> [INSTRUCTIONS FOR THE TASK]: Look through the data below and extract, unchanged, the lines from the one that contains "207, 1152, 288]" to the one that contains "318, 1152, 344]", both included.

> [GIVEN INFORMATION]:
=-=-=-=-=

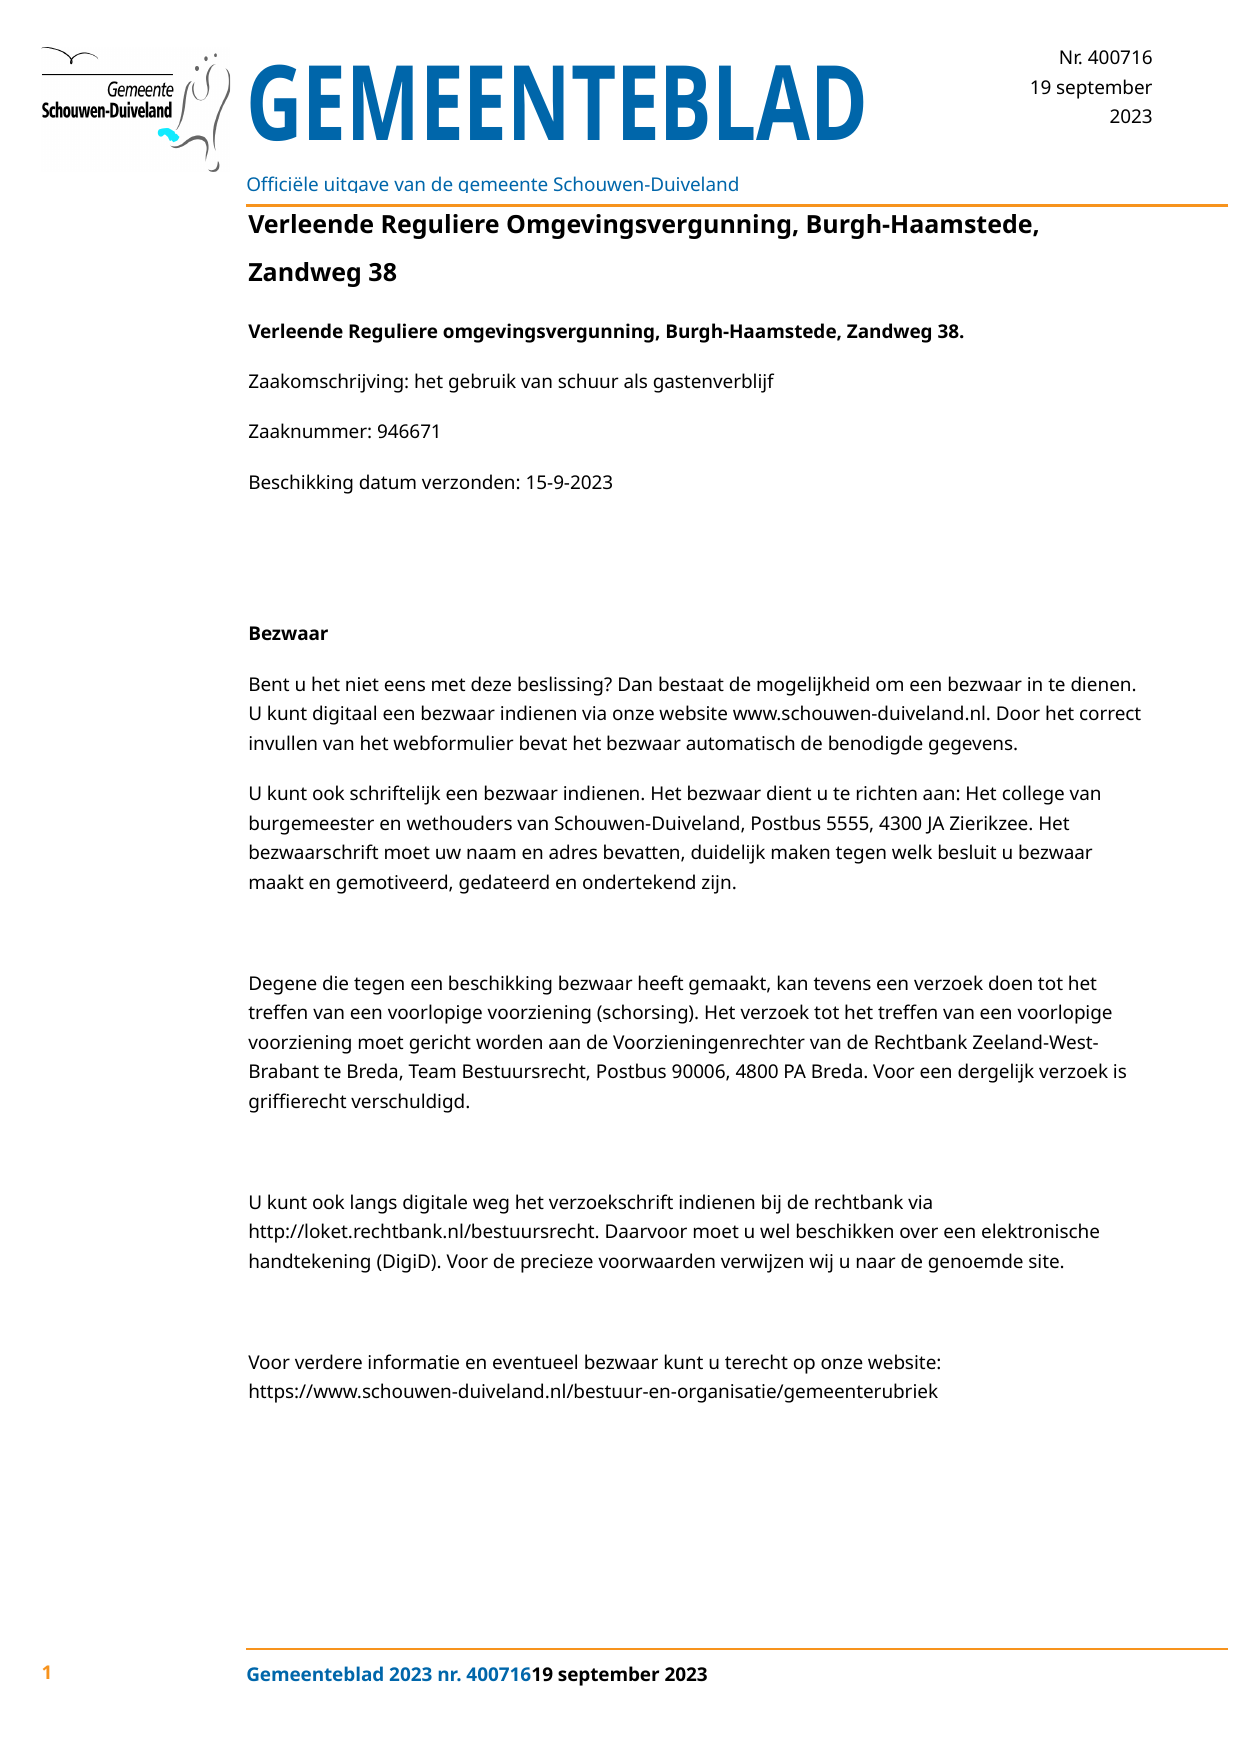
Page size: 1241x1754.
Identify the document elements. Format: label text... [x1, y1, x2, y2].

text Zaakomschrijving: het gebruik van schuur als gastenverblijf [248, 368, 1152, 394]
text U kunt ook langs digitale weg het verzoekschrift indienen bij de rechtbank via http://loket.rechtbank.nl/bestuursrecht. Daarvoor moet u wel beschikken over een elektronische handtekening (DigiD). Voor de precieze voorwaarden verwijzen wij u naar de genoemde site. [248, 1189, 1152, 1274]
text Bezwaar [248, 620, 1152, 646]
text Bent u het niet eens met deze beslissing? Dan bestaat de mogelijkheid om een bezwaar in te dienen. U kunt digitaal een bezwaar indienen via onze website www.schouwen-duiveland.nl. Door het correct invullen van het webformulier bevat het bezwaar automatisch de benodigde gegevens. [248, 671, 1152, 756]
text Voor verdere informatie en eventueel bezwaar kunt u terecht op onze website: https://www.schouwen-duiveland.nl/bestuur-en-organisatie/gemeenterubriek [248, 1349, 1152, 1404]
text Beschikking datum verzonden: 15-9-2023 [248, 469, 1152, 495]
picture [41, 47, 231, 172]
text Zaaknummer: 946671 [248, 419, 1152, 444]
text Verleende Reguliere Omgevingsvergunning, Burgh-Haamstede, Zandweg 38 [248, 207, 1152, 288]
text Verleende Reguliere omgevingsvergunning, Burgh-Haamstede, Zandweg 38. [248, 318, 1152, 344]
text Degene die tegen een beschikking bezwaar heeft gemaakt, kan tevens een verzoek doen tot het treffen van een voorlopige voorziening (schorsing). Het verzoek tot het treffen van een voorlopige voorziening moet gericht worden aan de Voorzieningenrechter van de Rechtbank Zeeland-West-Brabant te Breda, Team Bestuursrecht, Postbus 90006, 4800 PA Breda. Voor een dergelijk verzoek is griffierecht verschuldigd. [248, 970, 1152, 1114]
text U kunt ook schriftelijk een bezwaar indienen. Het bezwaar dient u te richten aan: Het college van burgemeester en wethouders van Schouwen-Duiveland, Postbus 5555, 4300 JA Zierikzee. Het bezwaarschrift moet uw naam en adres bevatten, duidelijk maken tegen welk besluit u bezwaar maakt en gemotiveerd, gedateerd en ondertekend zijn. [248, 780, 1152, 895]

=-=-=-=-=

> [WRITTEN ANSWER]:
text Verleende Reguliere Omgevingsvergunning, Burgh-Haamstede, Zandweg 38 [248, 207, 1152, 288]
text Verleende Reguliere omgevingsvergunning, Burgh-Haamstede, Zandweg 38. [248, 318, 1152, 344]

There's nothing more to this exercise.